The Jason Aaron-Chris Bachalo collaboration on “Avengers Versus X-Men… Versus X-Men” is a tie-in to Marvel’s early-summer megaevent. Maybe some background is in order.
Avengers Versus X-Men, stylized as AVX, sees Marvel’s two major superhero teams trapped in a war logic of infighting while a galactic level threat approaches Earth. The infighting ensues from two wildly different views. The first, Captain America’s, Iron Man’s and Thor’s, the view of the Avengers in other words, sees this the approaching cosmic entity as a threat.

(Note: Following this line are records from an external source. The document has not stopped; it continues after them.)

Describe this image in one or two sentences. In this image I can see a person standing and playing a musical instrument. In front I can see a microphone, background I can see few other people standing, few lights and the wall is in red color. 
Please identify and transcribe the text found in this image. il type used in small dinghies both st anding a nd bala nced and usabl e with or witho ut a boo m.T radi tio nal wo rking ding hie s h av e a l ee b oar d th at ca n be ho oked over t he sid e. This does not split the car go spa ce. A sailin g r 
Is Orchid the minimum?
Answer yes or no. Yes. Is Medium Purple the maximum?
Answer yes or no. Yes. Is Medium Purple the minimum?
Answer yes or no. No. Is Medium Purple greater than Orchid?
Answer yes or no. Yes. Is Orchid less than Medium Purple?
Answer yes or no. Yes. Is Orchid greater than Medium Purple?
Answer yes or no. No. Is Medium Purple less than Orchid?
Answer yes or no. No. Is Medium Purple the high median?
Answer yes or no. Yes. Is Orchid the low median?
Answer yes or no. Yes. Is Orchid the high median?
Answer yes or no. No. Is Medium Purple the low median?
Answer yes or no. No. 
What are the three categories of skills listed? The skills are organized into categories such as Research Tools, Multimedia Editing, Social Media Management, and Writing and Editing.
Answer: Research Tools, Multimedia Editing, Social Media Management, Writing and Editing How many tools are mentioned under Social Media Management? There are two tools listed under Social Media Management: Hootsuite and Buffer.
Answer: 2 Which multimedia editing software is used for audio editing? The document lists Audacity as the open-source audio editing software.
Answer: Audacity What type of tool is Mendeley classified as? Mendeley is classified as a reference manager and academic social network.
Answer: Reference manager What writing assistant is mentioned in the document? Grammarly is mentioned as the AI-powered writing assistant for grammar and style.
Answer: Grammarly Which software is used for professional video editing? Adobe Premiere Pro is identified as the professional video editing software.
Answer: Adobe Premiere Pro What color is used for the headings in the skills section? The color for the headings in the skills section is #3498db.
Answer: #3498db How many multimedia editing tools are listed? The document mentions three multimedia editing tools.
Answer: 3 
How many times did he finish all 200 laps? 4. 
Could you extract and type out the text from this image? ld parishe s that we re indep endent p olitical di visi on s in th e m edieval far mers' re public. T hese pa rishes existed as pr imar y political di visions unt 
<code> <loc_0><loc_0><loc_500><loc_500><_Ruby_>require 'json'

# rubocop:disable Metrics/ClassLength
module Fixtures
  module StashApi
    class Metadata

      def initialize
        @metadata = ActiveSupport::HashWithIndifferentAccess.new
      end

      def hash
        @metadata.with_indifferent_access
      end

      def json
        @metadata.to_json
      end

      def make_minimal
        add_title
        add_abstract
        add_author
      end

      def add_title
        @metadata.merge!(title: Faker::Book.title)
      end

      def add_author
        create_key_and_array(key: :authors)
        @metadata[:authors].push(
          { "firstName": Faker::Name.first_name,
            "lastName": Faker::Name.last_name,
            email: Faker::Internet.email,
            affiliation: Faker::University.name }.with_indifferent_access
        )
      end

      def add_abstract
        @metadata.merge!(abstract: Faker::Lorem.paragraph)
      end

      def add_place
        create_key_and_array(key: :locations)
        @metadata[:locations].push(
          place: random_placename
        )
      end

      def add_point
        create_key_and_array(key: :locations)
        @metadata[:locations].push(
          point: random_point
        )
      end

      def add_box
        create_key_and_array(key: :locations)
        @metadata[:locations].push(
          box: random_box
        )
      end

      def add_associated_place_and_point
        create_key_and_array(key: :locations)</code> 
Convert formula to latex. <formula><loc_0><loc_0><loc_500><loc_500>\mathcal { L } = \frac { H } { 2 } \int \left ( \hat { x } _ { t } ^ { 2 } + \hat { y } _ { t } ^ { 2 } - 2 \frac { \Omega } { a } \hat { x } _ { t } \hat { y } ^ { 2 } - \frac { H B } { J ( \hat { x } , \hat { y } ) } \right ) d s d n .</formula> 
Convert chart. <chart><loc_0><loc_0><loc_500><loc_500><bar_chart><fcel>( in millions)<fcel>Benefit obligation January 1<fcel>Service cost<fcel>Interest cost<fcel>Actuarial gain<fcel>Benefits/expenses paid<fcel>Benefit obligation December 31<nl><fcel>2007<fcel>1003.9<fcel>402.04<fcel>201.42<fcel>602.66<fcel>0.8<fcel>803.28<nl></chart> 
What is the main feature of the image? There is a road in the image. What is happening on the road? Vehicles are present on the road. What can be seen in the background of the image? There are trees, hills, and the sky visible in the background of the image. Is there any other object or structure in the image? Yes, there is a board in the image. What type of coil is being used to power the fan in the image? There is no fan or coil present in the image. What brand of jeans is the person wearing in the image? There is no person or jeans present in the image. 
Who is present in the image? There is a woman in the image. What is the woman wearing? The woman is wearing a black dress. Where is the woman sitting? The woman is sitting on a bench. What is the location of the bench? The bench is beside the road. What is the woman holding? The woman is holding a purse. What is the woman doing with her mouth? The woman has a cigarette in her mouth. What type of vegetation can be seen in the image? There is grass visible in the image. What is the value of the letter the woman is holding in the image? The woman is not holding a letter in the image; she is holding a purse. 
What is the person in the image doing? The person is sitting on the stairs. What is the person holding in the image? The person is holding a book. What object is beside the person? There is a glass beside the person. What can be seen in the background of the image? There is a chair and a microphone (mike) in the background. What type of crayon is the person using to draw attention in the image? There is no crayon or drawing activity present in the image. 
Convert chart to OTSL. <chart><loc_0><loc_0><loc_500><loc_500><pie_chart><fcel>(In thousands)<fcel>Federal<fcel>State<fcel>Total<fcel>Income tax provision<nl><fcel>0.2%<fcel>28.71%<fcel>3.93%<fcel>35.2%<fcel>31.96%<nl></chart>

In the build up to AVX cosmic-cop Nova Paul Revered his way to Earth to warn that this approaching entity has destroyed every planet in its path to get to Earth. And now, Earth is next.
Scott Summers, leader of the X-Men holds an entirely other, darkly optimistic view. This is no unknown threat approaching. This is the Phoenix, a cosmic manifestation of death and rebirth. And entity that has had a special relationship with the X-Men since the very beginning of the X-Men. The Phoenix always seeks a mortal avatar and since Chris Claremont’s legendary run in 70s-80s, that avatar has been mutant telepath and X-Man, Jean Grey. Although aware of the destructive capacities of the Phoenix, Scott Summers chooses to focus on the potential for rebirth.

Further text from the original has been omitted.